Your task — After finding the line with "#39 wall cable (1675,232,1722,566)" in the data below, set down exactly each line through the one with "#45 pallet (1099,664,1387,901)", inclusive, and stop there.

Records for this exercise —
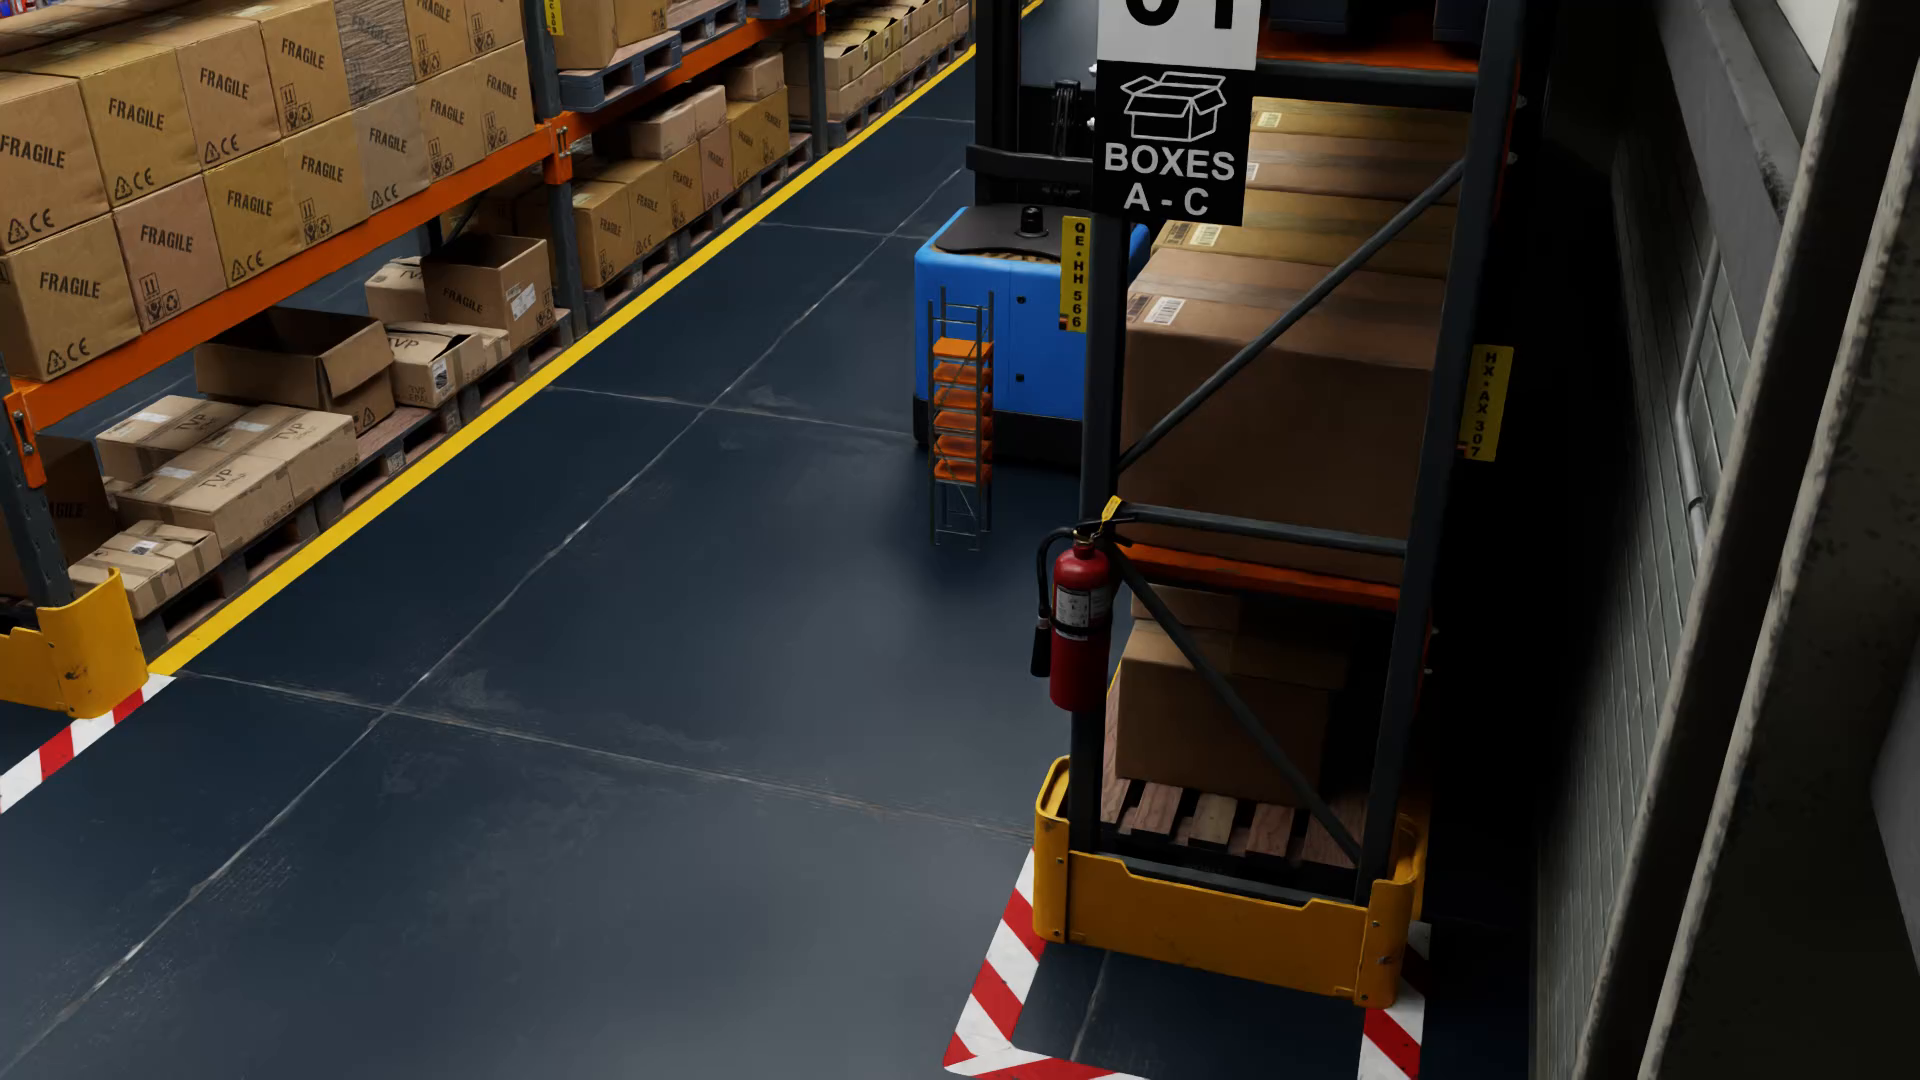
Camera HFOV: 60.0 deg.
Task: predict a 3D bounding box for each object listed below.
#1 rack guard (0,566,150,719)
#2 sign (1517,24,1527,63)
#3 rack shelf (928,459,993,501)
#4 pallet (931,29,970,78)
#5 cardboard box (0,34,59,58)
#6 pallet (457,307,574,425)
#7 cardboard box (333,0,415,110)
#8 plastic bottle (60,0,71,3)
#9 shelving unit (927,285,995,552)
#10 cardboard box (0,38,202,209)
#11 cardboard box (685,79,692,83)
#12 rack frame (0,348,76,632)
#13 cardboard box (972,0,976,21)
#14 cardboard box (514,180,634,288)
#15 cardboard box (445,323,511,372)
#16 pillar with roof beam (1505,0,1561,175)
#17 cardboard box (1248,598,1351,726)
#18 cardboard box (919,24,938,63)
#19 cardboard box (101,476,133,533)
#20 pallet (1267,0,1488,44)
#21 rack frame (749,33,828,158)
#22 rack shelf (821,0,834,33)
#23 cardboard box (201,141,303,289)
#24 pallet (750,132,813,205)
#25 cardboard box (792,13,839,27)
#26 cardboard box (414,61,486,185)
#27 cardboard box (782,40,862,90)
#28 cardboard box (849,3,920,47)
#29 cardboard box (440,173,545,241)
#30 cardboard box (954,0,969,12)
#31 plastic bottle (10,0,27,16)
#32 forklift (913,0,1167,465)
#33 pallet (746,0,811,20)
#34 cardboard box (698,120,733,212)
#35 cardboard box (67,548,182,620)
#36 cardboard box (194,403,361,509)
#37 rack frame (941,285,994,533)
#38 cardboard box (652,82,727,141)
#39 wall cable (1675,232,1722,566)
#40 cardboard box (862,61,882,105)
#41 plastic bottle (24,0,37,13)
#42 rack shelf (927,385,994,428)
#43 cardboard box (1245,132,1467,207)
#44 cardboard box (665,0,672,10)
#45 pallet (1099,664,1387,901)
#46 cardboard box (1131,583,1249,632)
[{"bbox_3d":[-3.877,0.326,6.649,1.175,0.500,0.348,8,30,15],"label":"rack guard"},{"bbox_3d":[2.543,-2.219,7.681,0.100,0.325,0.005,8,30,15],"label":"sign"},{"bbox_3d":[0.004,-0.282,7.609,0.258,0.103,0.180,8,30,15],"label":"rack shelf"},{"bbox_3d":[-0.556,-4.741,16.055,1.003,0.211,1.213,8,30,15],"label":"pallet"},{"bbox_3d":[-3.884,-1.692,6.575,0.500,0.500,0.500,9,30,16],"label":"cardboard box"},{"bbox_3d":[-2.927,-1.052,9.424,1.003,0.211,1.213,8,30,15],"label":"pallet"},{"bbox_3d":[-2.922,-2.326,7.714,0.500,0.500,0.500,9,30,15],"label":"cardboard box"},{"bbox_3d":[-6.530,-4.036,12.052,0.097,0.271,0.097,0,29,0],"label":"plastic bottle"},{"bbox_3d":[0.004,-0.531,7.470,0.258,1.200,0.189,8,30,15],"label":"shelving unit"},{"bbox_3d":[-3.370,-1.624,6.452,0.500,0.500,0.500,9,30,15],"label":"cardboard box"},{"bbox_3d":[-2.106,-3.133,12.416,0.500,0.500,0.500,7,30,13],"label":"cardboard box"},{"bbox_3d":[-3.899,-0.731,5.978,1.000,3.000,0.127,8,30,15],"label":"rack frame"},{"bbox_3d":[0.049,-5.461,16.878,0.500,0.250,0.500,8,30,15],"label":"cardboard box"},{"bbox_3d":[-2.350,-1.879,10.162,0.500,0.500,0.500,7,30,13],"label":"cardboard box"},{"bbox_3d":[-2.674,-1.048,9.028,0.380,0.149,0.250,8,30,15],"label":"cardboard box"},{"bbox_3d":[0.279,-7.460,11.903,9.100,9.000,0.400,8,30,15],"label":"pillar with roof beam"},{"bbox_3d":[1.094,0.311,6.244,0.700,0.500,0.500,8,30,15],"label":"cardboard box"},{"bbox_3d":[-0.521,-4.583,15.298,0.500,0.250,0.500,9,30,16],"label":"cardboard box"},{"bbox_3d":[-3.770,-0.148,7.392,0.380,0.166,0.250,8,30,15],"label":"cardboard box"},{"bbox_3d":[1.045,-1.644,4.625,1.003,0.211,1.213,8,30,15],"label":"pallet"},{"bbox_3d":[-1.551,-4.448,12.661,1.000,3.000,0.127,8,30,15],"label":"rack frame"},{"bbox_3d":[-0.964,-5.063,14.507,1.077,0.370,4.000,8,30,15],"label":"rack shelf"},{"bbox_3d":[-3.220,-1.416,7.107,0.500,0.500,0.500,8,30,15],"label":"cardboard box"},{"bbox_3d":[-1.806,-2.888,12.725,1.003,0.211,1.213,8,30,15],"label":"pallet"},{"bbox_3d":[-1.335,-4.431,14.448,0.500,0.311,0.500,8,30,15],"label":"cardboard box"},{"bbox_3d":[-2.776,-2.125,8.381,0.500,0.500,0.500,9,30,16],"label":"cardboard box"},{"bbox_3d":[-1.116,-3.877,13.453,0.500,0.311,0.500,10,30,17],"label":"cardboard box"},{"bbox_3d":[-0.668,-4.598,14.749,0.500,0.311,0.500,8,30,14],"label":"cardboard box"},{"bbox_3d":[-2.854,-1.960,10.306,0.500,0.500,0.500,8,30,15],"label":"cardboard box"},{"bbox_3d":[-0.221,-5.305,16.021,0.500,0.311,0.500,8,30,15],"label":"cardboard box"},{"bbox_3d":[-6.687,-3.835,11.686,0.152,0.276,0.135,8,30,15],"label":"plastic bottle"},{"bbox_3d":[0.689,-2.348,8.955,1.130,2.935,3.031,9,30,15],"label":"forklift"},{"bbox_3d":[-1.683,-4.040,12.123,1.213,0.211,1.003,8,30,15],"label":"pallet"},{"bbox_3d":[-1.901,-2.595,11.448,0.500,0.500,0.500,7,30,13],"label":"cardboard box"},{"bbox_3d":[-3.448,0.177,6.826,0.380,0.149,0.250,8,30,15],"label":"cardboard box"},{"bbox_3d":[-3.175,-0.398,7.756,0.500,0.250,0.500,8,30,15],"label":"cardboard box"},{"bbox_3d":[0.031,-0.574,7.547,0.240,1.200,0.006,8,30,15],"label":"rack frame"},{"bbox_3d":[-1.910,-2.905,11.234,0.500,0.250,0.500,8,30,14],"label":"cardboard box"},{"bbox_3d":[1.366,0.261,3.151,0.084,1.984,1.851,8,30,15],"label":"wall cable"},{"bbox_3d":[-0.970,-3.866,14.010,0.500,0.250,0.500,8,30,13],"label":"cardboard box"},{"bbox_3d":[-6.627,-3.852,11.794,0.097,0.201,0.097,0,29,0],"label":"plastic bottle"},{"bbox_3d":[0.004,-0.597,7.434,0.258,0.103,0.180,8,30,15],"label":"rack shelf"},{"bbox_3d":[1.413,-1.088,6.311,0.980,0.700,0.700,7,30,12],"label":"cardboard box"},{"bbox_3d":[-2.265,-3.647,10.685,0.700,0.500,0.500,1,29,2],"label":"cardboard box"},{"bbox_3d":[0.998,0.810,6.076,1.003,0.211,1.213,8,30,15],"label":"pallet"},{"bbox_3d":[0.811,0.175,5.823,0.380,0.149,0.250,8,30,14],"label":"cardboard box"}]

Response to the exercise —
#39 wall cable (1675,232,1722,566)
#40 cardboard box (862,61,882,105)
#41 plastic bottle (24,0,37,13)
#42 rack shelf (927,385,994,428)
#43 cardboard box (1245,132,1467,207)
#44 cardboard box (665,0,672,10)
#45 pallet (1099,664,1387,901)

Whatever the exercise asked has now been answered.